By Eric Boehm | PA Independent
In a new campaign ad, U.S. Rep. Allyson Schwartz touts her role in passing the Affordable Care Act and promises to accept federal cash for Medicaid expansion if she is elected Pennsylvania’s governor.
PROUD: U.S. Rep. Allyson Schwartz says she is proud of the role she played in passing the Affordable Care Act.

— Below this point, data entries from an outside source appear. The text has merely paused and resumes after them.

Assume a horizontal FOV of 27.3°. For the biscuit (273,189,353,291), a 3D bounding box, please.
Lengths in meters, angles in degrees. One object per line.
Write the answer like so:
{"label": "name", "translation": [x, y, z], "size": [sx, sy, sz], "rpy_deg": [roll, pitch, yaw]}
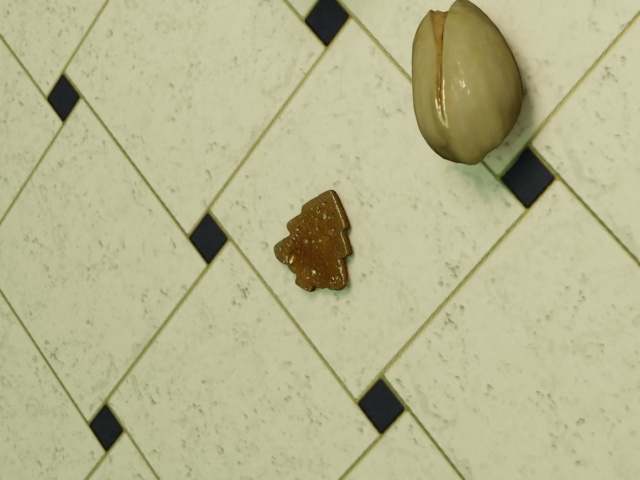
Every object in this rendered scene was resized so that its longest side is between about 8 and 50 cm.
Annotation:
{"label": "biscuit", "translation": [0.000, 0.000, 1.601], "size": [0.119, 0.019, 0.130], "rpy_deg": [28, 109, 32]}

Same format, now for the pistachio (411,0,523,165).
{"label": "pistachio", "translation": [0.153, -0.169, 1.415], "size": [0.124, 0.124, 0.185], "rpy_deg": [-23, 76, 35]}

Will Pennsylvania Democratic voters agree with her?
The ad, which began airing today across Pennsylvania, bucks the national trend of Democrats running away from the Affordable Care Act in ads and on the campaign trail.
“I worked with President Obama on the Affordable Care Act and getting health coverage to all Americans,” Schwartz says in the ad. “It was my legislation that said insurance companies can no longer deny coverage for kids with pre-existing conditions.”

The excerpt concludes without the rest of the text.